- [Dataset excerpts]:

# # # #

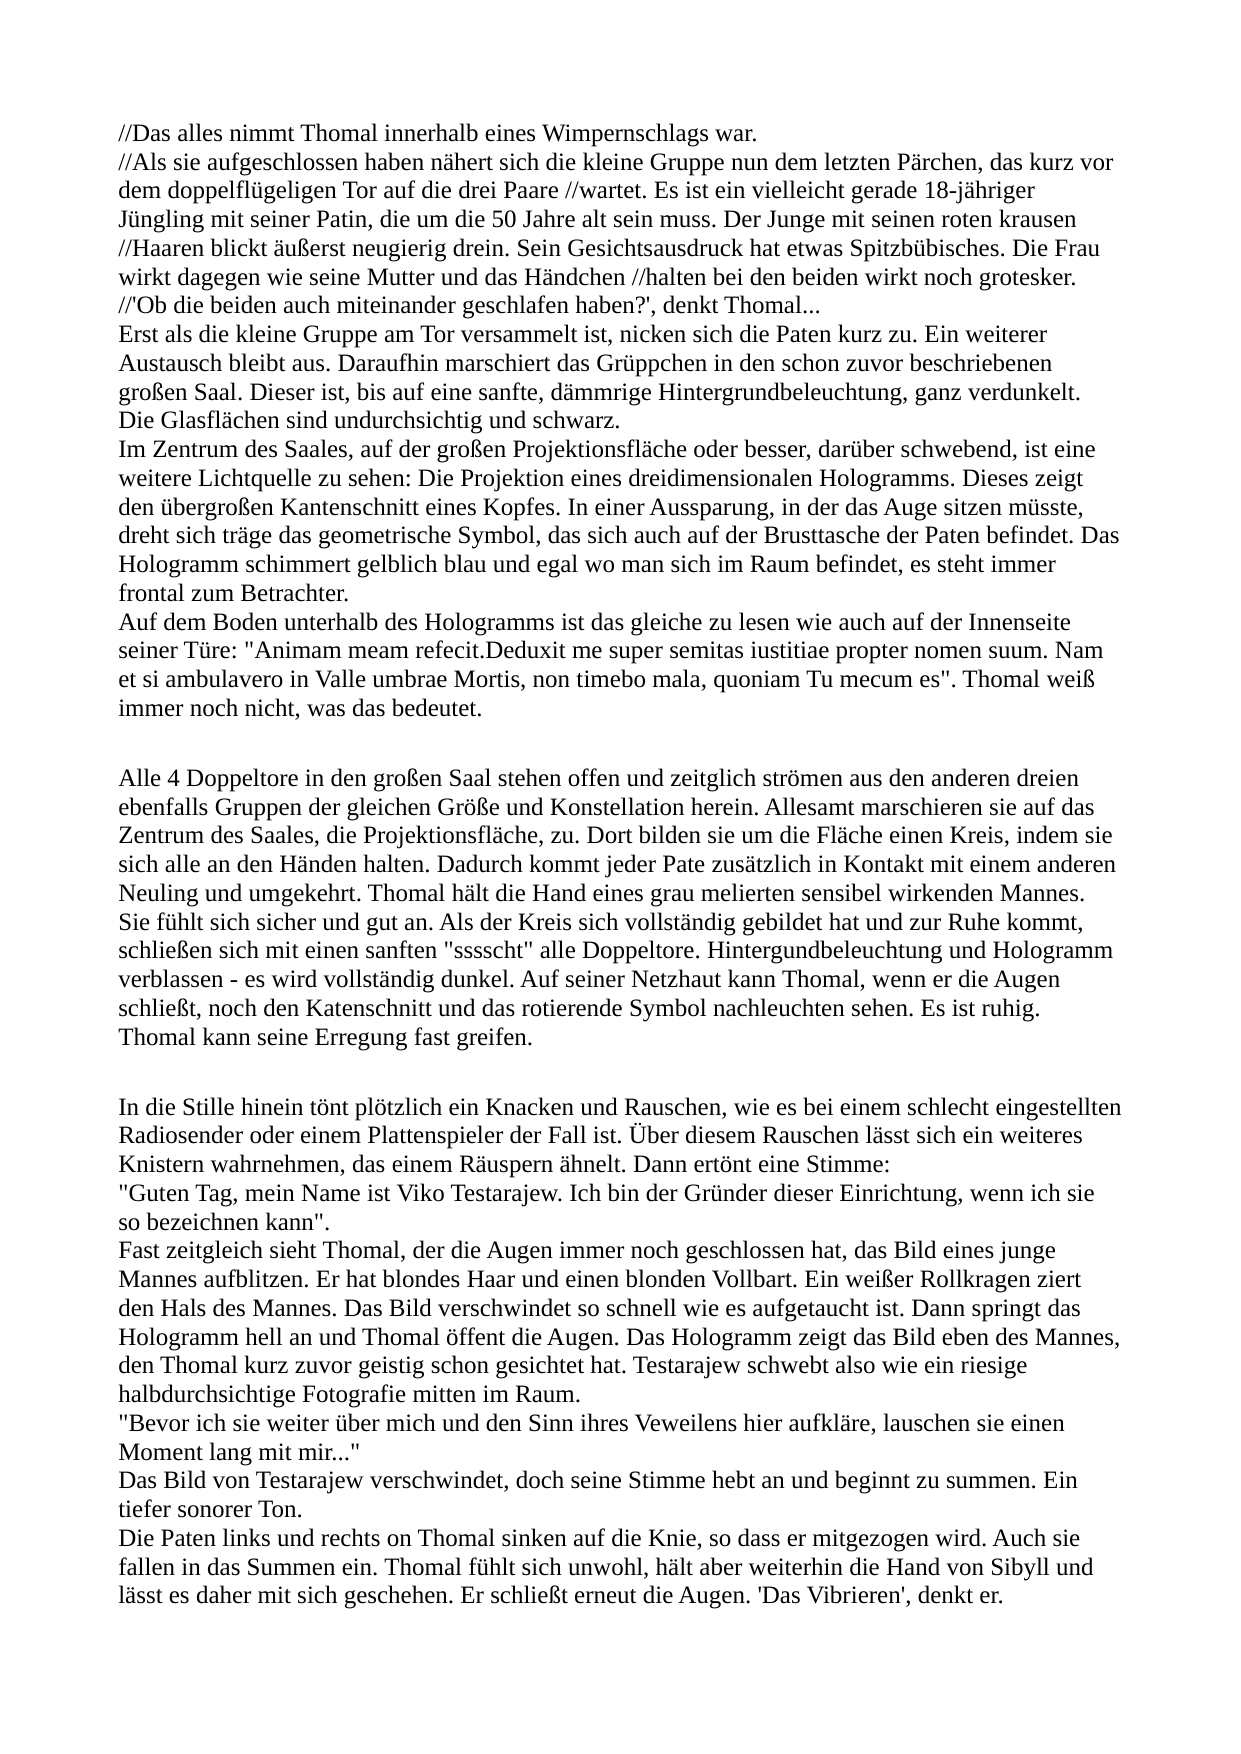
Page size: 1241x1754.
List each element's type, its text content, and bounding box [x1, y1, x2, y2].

text Im Zentrum des Saales, auf der großen Projektionsfläche oder besser, darüber schwebend, ist eine weitere Lichtquelle zu sehen: Die Projektion eines dreidimensionalen Hologramms. Dieses zeigt den übergroßen Kantenschnitt eines Kopfes. In einer Aussparung, in der das Auge sitzen müsste, dreht sich träge das geometrische Symbol, das sich auch auf der Brusttasche der Paten befindet. Das Hologramm schimmert gelblich blau und egal wo man sich im Raum befindet, es steht immer frontal zum Betrachter. [118, 434, 1122, 607]
text "Bevor ich sie weiter über mich und den Sinn ihres Veweilens hier aufkläre, lauschen sie einen Moment lang mit mir..." [118, 1408, 1122, 1466]
text //Das alles nimmt Thomal innerhalb eines Wimpernschlags war. [118, 118, 1122, 147]
text //'Ob die beiden auch miteinander geschlafen haben?', denkt Thomal... [118, 291, 1122, 319]
text //Als sie aufgeschlossen haben nähert sich die kleine Gruppe nun dem letzten Pärchen, das kurz vor dem doppelflügeligen Tor auf die drei Paare //wartet. Es ist ein vielleicht gerade 18-jähriger Jüngling mit seiner Patin, die um die 50 Jahre alt sein muss. Der Junge mit seinen roten krausen //Haaren blickt äußerst neugierig drein. Sein Gesichtsausdruck hat etwas Spitzbübisches. Die Frau wirkt dagegen wie seine Mutter und das Händchen //halten bei den beiden wirkt noch grotesker. [118, 147, 1122, 291]
text In die Stille hinein tönt plötzlich ein Knacken und Rauschen, wie es bei einem schlecht eingestellten Radiosender oder einem Plattenspieler der Fall ist. Über diesem Rauschen lässt sich ein weiteres Knistern wahrnehmen, das einem Räuspern ähnelt. Dann ertönt eine Stimme: [118, 1092, 1122, 1178]
text "Guten Tag, mein Name ist Viko Testarajew. Ich bin der Gründer dieser Einrichtung, wenn ich sie so bezeichnen kann". [118, 1178, 1122, 1236]
text Das Bild von Testarajew verschwindet, doch seine Stimme hebt an und beginnt zu summen. Ein tiefer sonorer Ton. [118, 1466, 1122, 1523]
text Erst als die kleine Gruppe am Tor versammelt ist, nicken sich die Paten kurz zu. Ein weiterer Austausch bleibt aus. Daraufhin marschiert das Grüppchen in den schon zuvor beschriebenen großen Saal. Dieser ist, bis auf eine sanfte, dämmrige Hintergrundbeleuchtung, ganz verdunkelt. Die Glasflächen sind undurchsichtig und schwarz. [118, 319, 1122, 434]
text Alle 4 Doppeltore in den großen Saal stehen offen und zeitglich strömen aus den anderen dreien ebenfalls Gruppen der gleichen Größe und Konstellation herein. Allesamt marschieren sie auf das Zentrum des Saales, die Projektionsfläche, zu. Dort bilden sie um die Fläche einen Kreis, indem sie sich alle an den Händen halten. Dadurch kommt jeder Pate zusätzlich in Kontakt mit einem anderen Neuling und umgekehrt. Thomal hält die Hand eines grau melierten sensibel wirkenden Mannes. Sie fühlt sich sicher und gut an. Als der Kreis sich vollständig gebildet hat und zur Ruhe kommt, schließen sich mit einen sanften "sssscht" alle Doppeltore. Hintergundbeleuchtung und Hologramm verblassen - es wird vollständig dunkel. Auf seiner Netzhaut kann Thomal, wenn er die Augen schließt, noch den Katenschnitt und das rotierende Symbol nachleuchten sehen. Es ist ruhig. Thomal kann seine Erregung fast greifen. [118, 763, 1122, 1051]
text Auf dem Boden unterhalb des Hologramms ist das gleiche zu lesen wie auch auf der Innenseite seiner Türe: "Animam meam refecit.Deduxit me super semitas iustitiae propter nomen suum. Nam et si ambulavero in Valle umbrae Mortis, non timebo mala, quoniam Tu mecum es". Thomal weiß immer noch nicht, was das bedeutet. [118, 607, 1122, 722]
text Fast zeitgleich sieht Thomal, der die Augen immer noch geschlossen hat, das Bild eines junge Mannes aufblitzen. Er hat blondes Haar und einen blonden Vollbart. Ein weißer Rollkragen ziert den Hals des Mannes. Das Bild verschwindet so schnell wie es aufgetaucht ist. Dann springt das Hologramm hell an und Thomal öffent die Augen. Das Hologramm zeigt das Bild eben des Mannes, den Thomal kurz zuvor geistig schon gesichtet hat. Testarajew schwebt also wie ein riesige halbdurchsichtige Fotografie mitten im Raum. [118, 1236, 1122, 1408]
text Die Paten links und rechts on Thomal sinken auf die Knie, so dass er mitgezogen wird. Auch sie fallen in das Summen ein. Thomal fühlt sich unwohl, hält aber weiterhin die Hand von Sibyll und lässt es daher mit sich geschehen. Er schließt erneut die Augen. 'Das Vibrieren', denkt er. [118, 1523, 1122, 1609]
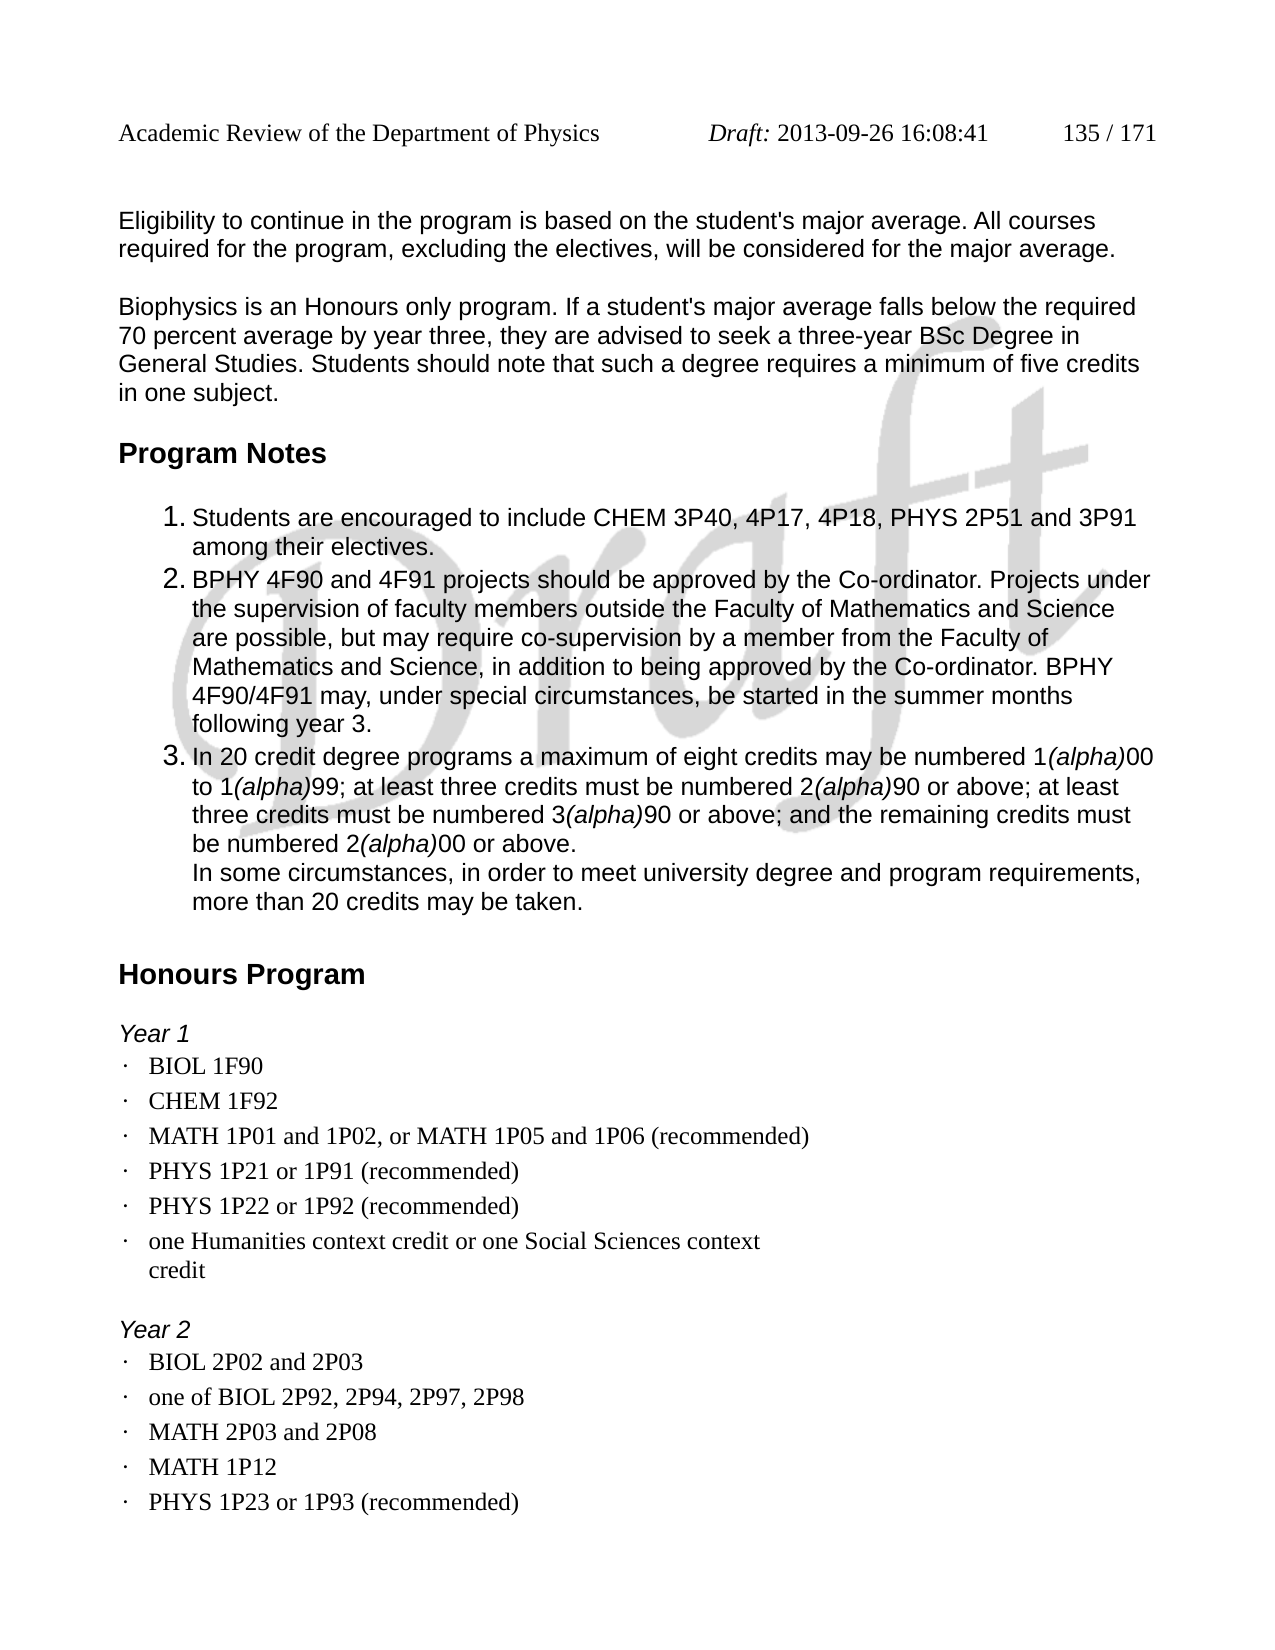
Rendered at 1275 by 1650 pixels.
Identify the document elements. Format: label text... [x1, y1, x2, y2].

table_cell · [118, 1379, 145, 1414]
table_header · [118, 1344, 145, 1379]
text Year 2 [118, 1287, 1157, 1344]
list Students are encouraged to include CHEM 3P40, 4P17, 4P18, PHYS 2P51 and 3P91 among their electives. [162, 499, 1157, 561]
table_cell · [118, 1188, 145, 1223]
table_cell MATH 1P12 [145, 1449, 962, 1484]
table_cell one Humanities context credit or one Social Sciences context credit [145, 1223, 821, 1287]
table_cell PHYS 1P23 or 1P93 (recommended) [145, 1484, 962, 1519]
table_cell CHEM 1F92 [145, 1083, 821, 1118]
table_cell · [118, 1449, 145, 1484]
table_header BIOL 1F90 [145, 1048, 821, 1083]
list BPHY 4F90 and 4F91 projects should be approved by the Co-ordinator. Projects under the supervision of faculty members outside the Faculty of Mathematics and Science are possible, but may require co-supervision by a member from the Faculty of Mathematics and Science, in addition to being approved by the Co-ordinator. BPHY 4F90/4F91 may, under special circumstances, be started in the summer months following year 3. [162, 561, 1157, 738]
picture [118, 1048, 1157, 1287]
table_cell PHYS 1P21 or 1P91 (recommended) [145, 1153, 821, 1188]
table_cell · [118, 1414, 145, 1449]
table_cell · [118, 1223, 145, 1287]
table_cell MATH 2P03 and 2P08 [145, 1414, 962, 1449]
table_cell PHYS 1P22 or 1P92 (recommended) [145, 1188, 821, 1223]
picture [118, 469, 1157, 928]
picture [118, 118, 1157, 177]
list In 20 credit degree programs a maximum of eight credits may be numbered 1(alpha)00 to 1(alpha)99; at least three credits must be numbered 2(alpha)90 or above; at least three credits must be numbered 3(alpha)90 or above; and the remaining credits must be numbered 2(alpha)00 or above. In some circumstances, in order to meet university degree and program requirements, more than 20 credits may be taken. [162, 738, 1157, 916]
table_header · [118, 1048, 145, 1083]
table_header BIOL 2P02 and 2P03 [145, 1344, 962, 1379]
table_cell · [118, 1118, 145, 1153]
table_cell · [118, 1153, 145, 1188]
text Honours Program Year 1 [118, 928, 1157, 1048]
table_cell MATH 1P01 and 1P02, or MATH 1P05 and 1P06 (recommended) [145, 1118, 821, 1153]
table_cell · [118, 1083, 145, 1118]
table_cell one of BIOL 2P92, 2P94, 2P97, 2P98 [145, 1379, 962, 1414]
table_cell · [118, 1484, 145, 1519]
picture [118, 1344, 1157, 1532]
text Eligibility to continue in the program is based on the student's major average. All courses required for the program, excluding the electives, will be considered for the major average. Biophysics is an Honours only program. If a student's major average falls below the required 70 percent average by year three, they are advised to seek a three-year BSc Degree in General Studies. Students should note that such a degree requires a minimum of five credits in one subject. Program Notes [118, 177, 1157, 469]

# # # #

- [WHAT TO WORK ON]: Give back every entry in full, exactly as written, with no picture included.

- [TASK RESULT]:
Page size: 1241x1754.
List each element's type, its text content, and bounding box [x1, y1, x2, y2].

text Im Zentrum des Saales, auf der großen Projektionsfläche oder besser, darüber schwebend, ist eine weitere Lichtquelle zu sehen: Die Projektion eines dreidimensionalen Hologramms. Dieses zeigt den übergroßen Kantenschnitt eines Kopfes. In einer Aussparung, in der das Auge sitzen müsste, dreht sich träge das geometrische Symbol, das sich auch auf der Brusttasche der Paten befindet. Das Hologramm schimmert gelblich blau und egal wo man sich im Raum befindet, es steht immer frontal zum Betrachter. [118, 434, 1122, 607]
text "Bevor ich sie weiter über mich und den Sinn ihres Veweilens hier aufkläre, lauschen sie einen Moment lang mit mir..." [118, 1408, 1122, 1466]
text //Das alles nimmt Thomal innerhalb eines Wimpernschlags war. [118, 118, 1122, 147]
text //'Ob die beiden auch miteinander geschlafen haben?', denkt Thomal... [118, 291, 1122, 319]
text //Als sie aufgeschlossen haben nähert sich die kleine Gruppe nun dem letzten Pärchen, das kurz vor dem doppelflügeligen Tor auf die drei Paare //wartet. Es ist ein vielleicht gerade 18-jähriger Jüngling mit seiner Patin, die um die 50 Jahre alt sein muss. Der Junge mit seinen roten krausen //Haaren blickt äußerst neugierig drein. Sein Gesichtsausdruck hat etwas Spitzbübisches. Die Frau wirkt dagegen wie seine Mutter und das Händchen //halten bei den beiden wirkt noch grotesker. [118, 147, 1122, 291]
text In die Stille hinein tönt plötzlich ein Knacken und Rauschen, wie es bei einem schlecht eingestellten Radiosender oder einem Plattenspieler der Fall ist. Über diesem Rauschen lässt sich ein weiteres Knistern wahrnehmen, das einem Räuspern ähnelt. Dann ertönt eine Stimme: [118, 1092, 1122, 1178]
text "Guten Tag, mein Name ist Viko Testarajew. Ich bin der Gründer dieser Einrichtung, wenn ich sie so bezeichnen kann". [118, 1178, 1122, 1236]
text Das Bild von Testarajew verschwindet, doch seine Stimme hebt an und beginnt zu summen. Ein tiefer sonorer Ton. [118, 1466, 1122, 1523]
text Erst als die kleine Gruppe am Tor versammelt ist, nicken sich die Paten kurz zu. Ein weiterer Austausch bleibt aus. Daraufhin marschiert das Grüppchen in den schon zuvor beschriebenen großen Saal. Dieser ist, bis auf eine sanfte, dämmrige Hintergrundbeleuchtung, ganz verdunkelt. Die Glasflächen sind undurchsichtig und schwarz. [118, 319, 1122, 434]
text Alle 4 Doppeltore in den großen Saal stehen offen und zeitglich strömen aus den anderen dreien ebenfalls Gruppen der gleichen Größe und Konstellation herein. Allesamt marschieren sie auf das Zentrum des Saales, die Projektionsfläche, zu. Dort bilden sie um die Fläche einen Kreis, indem sie sich alle an den Händen halten. Dadurch kommt jeder Pate zusätzlich in Kontakt mit einem anderen Neuling und umgekehrt. Thomal hält die Hand eines grau melierten sensibel wirkenden Mannes. Sie fühlt sich sicher und gut an. Als der Kreis sich vollständig gebildet hat und zur Ruhe kommt, schließen sich mit einen sanften "sssscht" alle Doppeltore. Hintergundbeleuchtung und Hologramm verblassen - es wird vollständig dunkel. Auf seiner Netzhaut kann Thomal, wenn er die Augen schließt, noch den Katenschnitt und das rotierende Symbol nachleuchten sehen. Es ist ruhig. Thomal kann seine Erregung fast greifen. [118, 763, 1122, 1051]
text Auf dem Boden unterhalb des Hologramms ist das gleiche zu lesen wie auch auf der Innenseite seiner Türe: "Animam meam refecit.Deduxit me super semitas iustitiae propter nomen suum. Nam et si ambulavero in Valle umbrae Mortis, non timebo mala, quoniam Tu mecum es". Thomal weiß immer noch nicht, was das bedeutet. [118, 607, 1122, 722]
text Fast zeitgleich sieht Thomal, der die Augen immer noch geschlossen hat, das Bild eines junge Mannes aufblitzen. Er hat blondes Haar und einen blonden Vollbart. Ein weißer Rollkragen ziert den Hals des Mannes. Das Bild verschwindet so schnell wie es aufgetaucht ist. Dann springt das Hologramm hell an und Thomal öffent die Augen. Das Hologramm zeigt das Bild eben des Mannes, den Thomal kurz zuvor geistig schon gesichtet hat. Testarajew schwebt also wie ein riesige halbdurchsichtige Fotografie mitten im Raum. [118, 1236, 1122, 1408]
text Die Paten links und rechts on Thomal sinken auf die Knie, so dass er mitgezogen wird. Auch sie fallen in das Summen ein. Thomal fühlt sich unwohl, hält aber weiterhin die Hand von Sibyll und lässt es daher mit sich geschehen. Er schließt erneut die Augen. 'Das Vibrieren', denkt er. [118, 1523, 1122, 1609]
Rendered at 1275 by 1650 pixels.
Identify the document elements. Format: label text... [x1, y1, x2, y2].

table_cell · [118, 1379, 145, 1414]
table_header · [118, 1344, 145, 1379]
text Year 2 [118, 1287, 1157, 1344]
list Students are encouraged to include CHEM 3P40, 4P17, 4P18, PHYS 2P51 and 3P91 among their electives. [162, 499, 1157, 561]
table_cell · [118, 1188, 145, 1223]
table_cell MATH 1P12 [145, 1449, 962, 1484]
table_cell one Humanities context credit or one Social Sciences context credit [145, 1223, 821, 1287]
table_cell PHYS 1P23 or 1P93 (recommended) [145, 1484, 962, 1519]
table_cell CHEM 1F92 [145, 1083, 821, 1118]
table_cell · [118, 1449, 145, 1484]
table_header BIOL 1F90 [145, 1048, 821, 1083]
list BPHY 4F90 and 4F91 projects should be approved by the Co-ordinator. Projects under the supervision of faculty members outside the Faculty of Mathematics and Science are possible, but may require co-supervision by a member from the Faculty of Mathematics and Science, in addition to being approved by the Co-ordinator. BPHY 4F90/4F91 may, under special circumstances, be started in the summer months following year 3. [162, 561, 1157, 738]
picture [118, 1048, 1157, 1287]
table_cell PHYS 1P21 or 1P91 (recommended) [145, 1153, 821, 1188]
table_cell · [118, 1414, 145, 1449]
table_cell · [118, 1223, 145, 1287]
table_cell MATH 2P03 and 2P08 [145, 1414, 962, 1449]
table_cell PHYS 1P22 or 1P92 (recommended) [145, 1188, 821, 1223]
picture [118, 469, 1157, 928]
picture [118, 118, 1157, 177]
list In 20 credit degree programs a maximum of eight credits may be numbered 1(alpha)00 to 1(alpha)99; at least three credits must be numbered 2(alpha)90 or above; at least three credits must be numbered 3(alpha)90 or above; and the remaining credits must be numbered 2(alpha)00 or above. In some circumstances, in order to meet university degree and program requirements, more than 20 credits may be taken. [162, 738, 1157, 916]
table_header · [118, 1048, 145, 1083]
table_header BIOL 2P02 and 2P03 [145, 1344, 962, 1379]
table_cell · [118, 1118, 145, 1153]
table_cell · [118, 1153, 145, 1188]
text Honours Program Year 1 [118, 928, 1157, 1048]
table_cell MATH 1P01 and 1P02, or MATH 1P05 and 1P06 (recommended) [145, 1118, 821, 1153]
table_cell · [118, 1083, 145, 1118]
table_cell one of BIOL 2P92, 2P94, 2P97, 2P98 [145, 1379, 962, 1414]
table_cell · [118, 1484, 145, 1519]
picture [118, 1344, 1157, 1532]
text Eligibility to continue in the program is based on the student's major average. All courses required for the program, excluding the electives, will be considered for the major average. Biophysics is an Honours only program. If a student's major average falls below the required 70 percent average by year three, they are advised to seek a three-year BSc Degree in General Studies. Students should note that such a degree requires a minimum of five credits in one subject. Program Notes [118, 177, 1157, 469]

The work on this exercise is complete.